Now, you need to process those large text/ascii files into R readable files. This is the purpose of this vignette.

Overview

The tb_* functions (Table Builders) will help you through the process.

`tb_*` function	Usage
`tb_vigibase`	Main tables (demo, drugs, adverse drug reactions), and subsidiary tables
`tb_who`	WHODrug tables
`tb_meddra`	MedDRA tables

Deploy tables

Folder and files

First, UNZIP the files you received from UMC (beware that you also need to unzip sub-folders, inside the main zip file).

That will give you a folder structure like this:

/vigibase_month_year (replace with your version)
…/main
…/who
…/sub

Gather your meddra files into a single folder, ideally close to the vigibase_month_year one.

/meddra_vx (replace vx)

Although the names of the subfolders can be longer (e.g. “main_sep_1_24”), we strongly suggest you shorten them to main, who, sub for Vigibase, and meddra_vx for MedDRA.

Short names will make your code easier to read and maintain.

Table builders (`tb_*` functions)

Provide a path to these files on your computer.
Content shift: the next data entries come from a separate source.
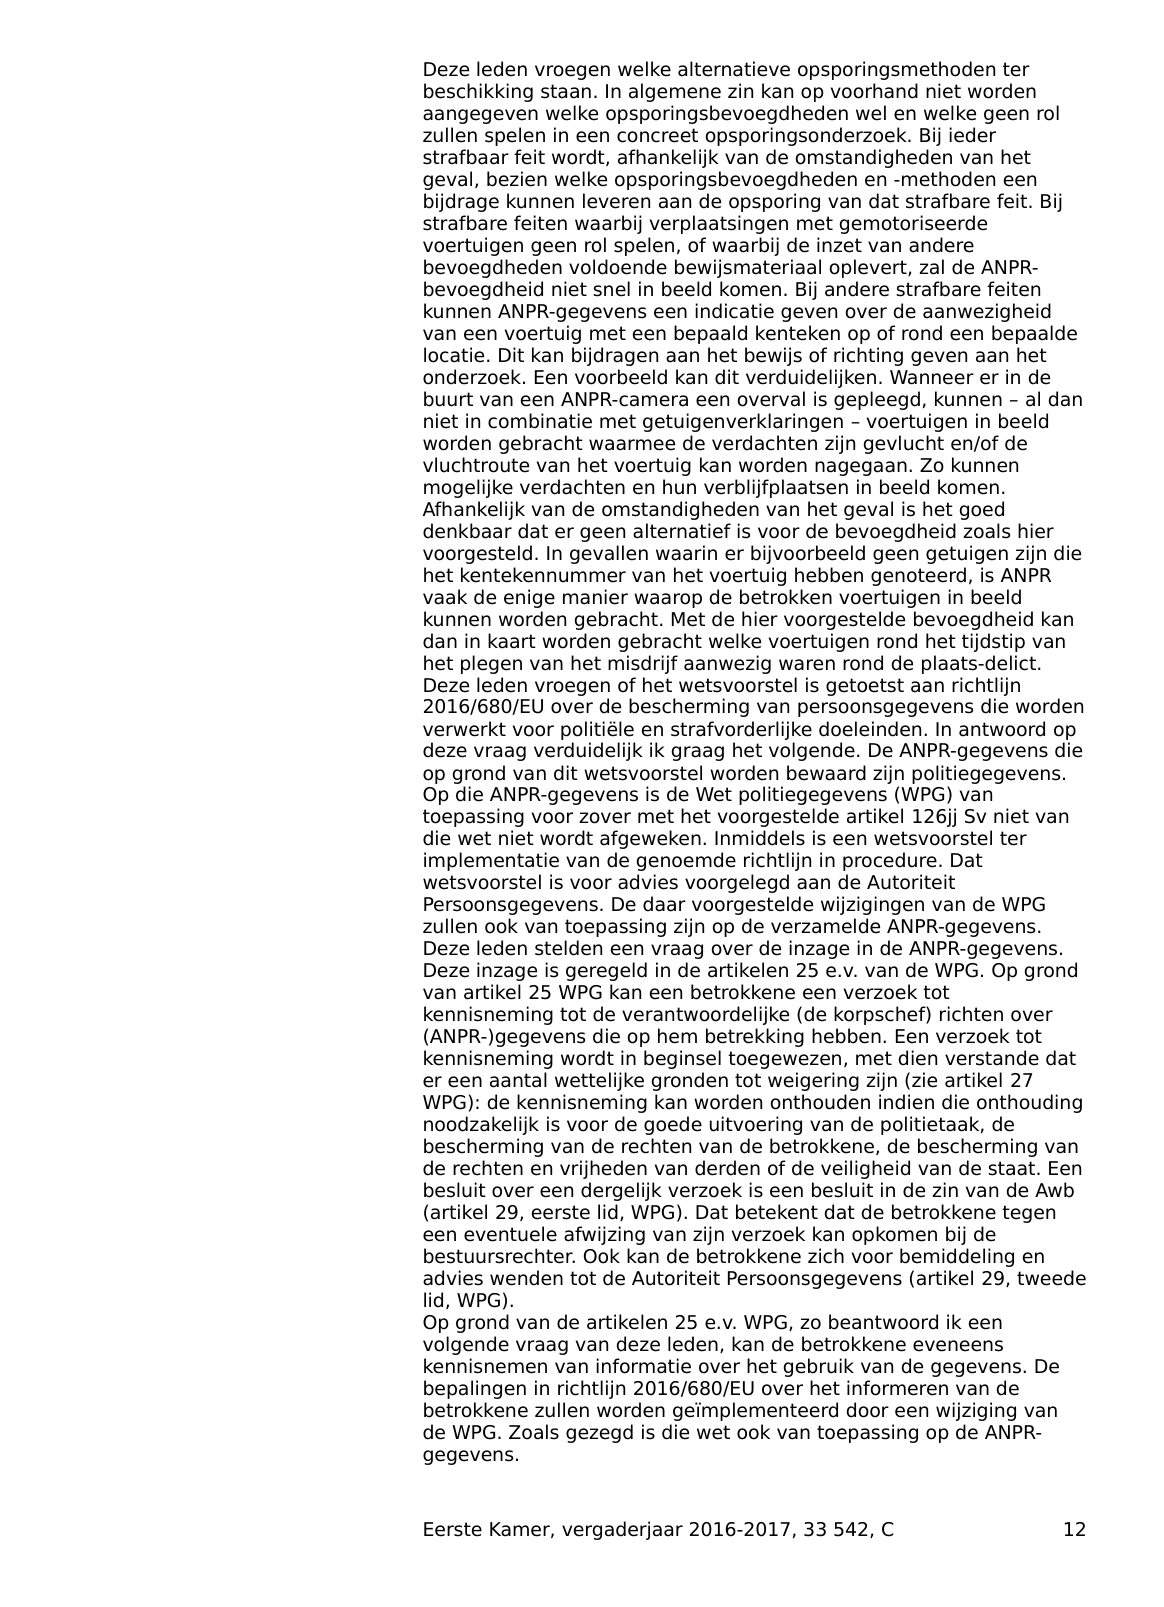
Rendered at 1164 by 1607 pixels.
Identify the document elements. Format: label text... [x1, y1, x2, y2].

text Deze leden stelden een vraag over de inzage in de ANPR-gegevens. Deze inzage is geregeld in de artikelen 25 e.v. van de WPG. Op grond van artikel 25 WPG kan een betrokkene een verzoek tot kennisneming tot de verantwoordelijke (de korpschef) richten over (ANPR-)gegevens die op hem betrekking hebben. Een verzoek tot kennisneming wordt in beginsel toegewezen, met dien verstande dat er een aantal wettelijke gronden tot weigering zijn (zie artikel 27 WPG): de kennisneming kan worden onthouden indien die onthouding noodzakelijk is voor de goede uitvoering van de politietaak, de bescherming van de rechten van de betrokkene, de bescherming van de rechten en vrijheden van derden of de veiligheid van de staat. Een besluit over een dergelijk verzoek is een besluit in de zin van de Awb (artikel 29, eerste lid, WPG). Dat betekent dat de betrokkene tegen een eventuele afwijzing van zijn verzoek kan opkomen bij de bestuursrechter. Ook kan de betrokkene zich voor bemiddeling en advies wenden tot de Autoriteit Persoonsgegevens (artikel 29, tweede lid, WPG). [422, 938, 1087, 1312]
text Deze leden vroegen welke alternatieve opsporingsmethoden ter beschikking staan. In algemene zin kan op voorhand niet worden aangegeven welke opsporingsbevoegdheden wel en welke geen rol zullen spelen in een concreet opsporingsonderzoek. Bij ieder strafbaar feit wordt, afhankelijk van de omstandigheden van het geval, bezien welke opsporingsbevoegdheden en -methoden een bijdrage kunnen leveren aan de opsporing van dat strafbare feit. Bij strafbare feiten waarbij verplaatsingen met gemotoriseerde voertuigen geen rol spelen, of waarbij de inzet van andere bevoegdheden voldoende bewijsmateriaal oplevert, zal de ANPR-bevoegdheid niet snel in beeld komen. Bij andere strafbare feiten kunnen ANPR-gegevens een indicatie geven over de aanwezigheid van een voertuig met een bepaald kenteken op of rond een bepaalde locatie. Dit kan bijdragen aan het bewijs of richting geven aan het onderzoek. Een voorbeeld kan dit verduidelijken. Wanneer er in de buurt van een ANPR-camera een overval is gepleegd, kunnen – al dan niet in combinatie met getuigenverklaringen – voertuigen in beeld worden gebracht waarmee de verdachten zijn gevlucht en/of de vluchtroute van het voertuig kan worden nagegaan. Zo kunnen mogelijke verdachten en hun verblijfplaatsen in beeld komen. Afhankelijk van de omstandigheden van het geval is het goed denkbaar dat er geen alternatief is voor de bevoegdheid zoals hier voorgesteld. In gevallen waarin er bijvoorbeeld geen getuigen zijn die het kentekennummer van het voertuig hebben genoteerd, is ANPR vaak de enige manier waarop de betrokken voertuigen in beeld kunnen worden gebracht. Met de hier voorgestelde bevoegdheid kan dan in kaart worden gebracht welke voertuigen rond het tijdstip van het plegen van het misdrijf aanwezig waren rond de plaats-delict. [422, 59, 1087, 674]
text Op grond van de artikelen 25 e.v. WPG, zo beantwoord ik een volgende vraag van deze leden, kan de betrokkene eveneens kennisnemen van informatie over het gebruik van de gegevens. De bepalingen in richtlijn 2016/680/EU over het informeren van de betrokkene zullen worden geïmplementeerd door een wijziging van de WPG. Zoals gezegd is die wet ook van toepassing op de ANPR-gegevens. [422, 1312, 1087, 1466]
text Deze leden vroegen of het wetsvoorstel is getoetst aan richtlijn 2016/680/EU over de bescherming van persoonsgegevens die worden verwerkt voor politiële en strafvorderlijke doeleinden. In antwoord op deze vraag verduidelijk ik graag het volgende. De ANPR-gegevens die op grond van dit wetsvoorstel worden bewaard zijn politiegegevens. Op die ANPR-gegevens is de Wet politiegegevens (WPG) van toepassing voor zover met het voorgestelde artikel 126jj Sv niet van die wet niet wordt afgeweken. Inmiddels is een wetsvoorstel ter implementatie van de genoemde richtlijn in procedure. Dat wetsvoorstel is voor advies voorgelegd aan de Autoriteit Persoonsgegevens. De daar voorgestelde wijzigingen van de WPG zullen ook van toepassing zijn op de verzamelde ANPR-gegevens. [422, 674, 1087, 938]

We usually create path_* objects in R, then use them in functions. This is optional, you can also pass path directly to tb_* functions.

library(vigicaen)

# change for the correct paths on your computer
path_base   <- "../vigibase_ecl/main" 
path_sub    <- "../vigibase_ecl/sub"
path_who    <- "../vigibase_ecl/who"
path_meddra <- "../meddra"

tb_vigibase(
  path_base = path_base, 
  path_sub  = path_sub
  )

tb_who(
  path_who  = path_who
  )

tb_meddra(
  path_meddra = path_meddra
  )

Deploying table have to be done ONCE per database version.

New parquet files will be created in the same directories as provided to path_*.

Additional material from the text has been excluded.